Method 2 - Local defs
What if we passed these values in as arguments, then referred to them as local variables, instead of global variables?

(defn with-local-test [f highend]
    (loop [x 0]
        (if (< x highend)
            (recur (f x)))))

(print "with-local-test")
(time (dotimes [x interations] (with-local-test our-inc highend)))

Result: 6053.04908752 msecs

Well that did all of nothing. Let's try something else.

Method 3 - Vars without bindings
In this case, let's box up the function into a var and call it with .deref the way clojure does:

(deftype V [itm]
    (deref [self] itm))

(def VInc (V our-inc))

(defn with-var-test [v highend]
    (loop [x 0]
        (if (< x highend)
            (recur ((.deref v) x)))))

(print "with-var-test")
(time (dotimes [x interations] (with-var-test VInc highend)))

Result:  8084.71488953 msecs

Method 4 - Vars with bindings
So if vars aren't much slower, what sort of hit to we take by using bindings? This will basically be putting the variable into a object that is put into a var. A bit ugly, but we need it if we are going to support the bindings form:

(deftype V2 [itm bindings]
    (deref [self] (.deref bindings)))

(def VInc2 (V2 nil (V our-inc)))

(defn with-binding-test [v highend]
    (loop [x 0]
        (if (< x highend)
            (recur ((.deref v) x)))))

(print "with-binding-test")

(time (dotimes [x interations] (with-binding-test VInc2 highend)))

Result:  14154.5939445 msecs

Using bindings is actually about 2x slower than not using bindings. We may want to be a bit careful how we go about defining dynamic vars then.
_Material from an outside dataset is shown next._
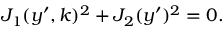Convert formula to latex. <formula><loc_0><loc_0><loc_500><loc_500>\begin{array} { r } { J _ { 1 } ( y ^ { \prime } , k ) ^ { 2 } + J _ { 2 } ( y ^ { \prime } ) ^ { 2 } = 0 . } \end{array}</formula> 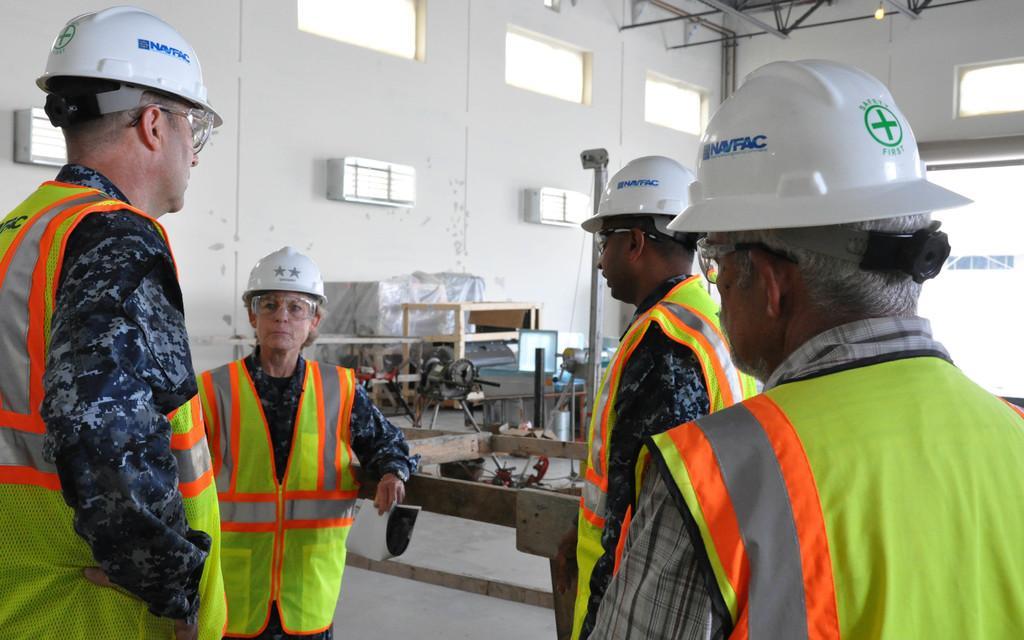How would you summarize this image in a sentence or two? In this image we can see a group of people wearing dress, helmets and goggles is standing on the ground. In the background, we can see a some wood pieces, machine and some boxes placed on the ground, a group of windows on a wall, some lights, poles and a door.

Method 5 - Methods as constants

If we say that non-dynamic vars will never change, why not just load their contents as constants via the bytecode "LOAD_CONST"?

(defn with-const-test [highend]
    (loop [x 0]
        (if (< x highend)
            (recur ((py.bytecode/LOAD_CONST (fn [i] (py.bytecode/BINARY_ADD i 1))) x)))))

(print "with-const-test")

(time (dotimes [x interations] (with-const-test highend)))

Result: 6053.23505402 msecs

Not much faster at all

Method 6 - Inlined functions
Finally, let's try to simply inline the call as a direct call to the bytecode BINARY_ADD

(defn with-inline-test [highend]
    (loop [x 0]
        (if (< x highend)
            (recur (py.bytecode/BINARY_ADD x 1)))))

(print "with-inline-test")

(time (dotimes [x interations] (with-inline-test highend)))

Result: 6048.96688461 msecs

Once again, practically no difference.

So why are some of the results so similar. Well first of all, I performed these benchmarks on PyPy. PyPy implements a tracing JIT, and by design tracing JITs tend to unroll loops and inline code. So, if the JIT automatically inlines all function calls, there's not much use inlining them ourselves.

What is the takeaway from this then? Quite simply, static vars should be handled as global variable, and dynamic vars should be boxed. The compiler rules will then be defined thusly:

1) any vars not marked as {:dynamic true} are considered static. They cannot be redefined (the compiler will try to enforce this), and cannot have bindings applied to them.
2) any vars marked as {:dynamic true} are considered dynamic. They can be redefined, and in general, will be about 30% slower than static vars. Once bindings are applied they will be over 100% slower than static vars

When compiling code the compiler will attempt to resolve symbols in this order:

1) the compiler will check to see if the symbol is a bytecode
2) the compiler will look for a global, if the global is found, and is not a var, a standard LOAD_GLOBAL will be used. If it is a var, the var will be loaded with LOAD_GLOBAL, then a LOAD_ATTR "deref" will be called on the var.
3) if no global is found, and the symbol is not a special form, an error will be thrown.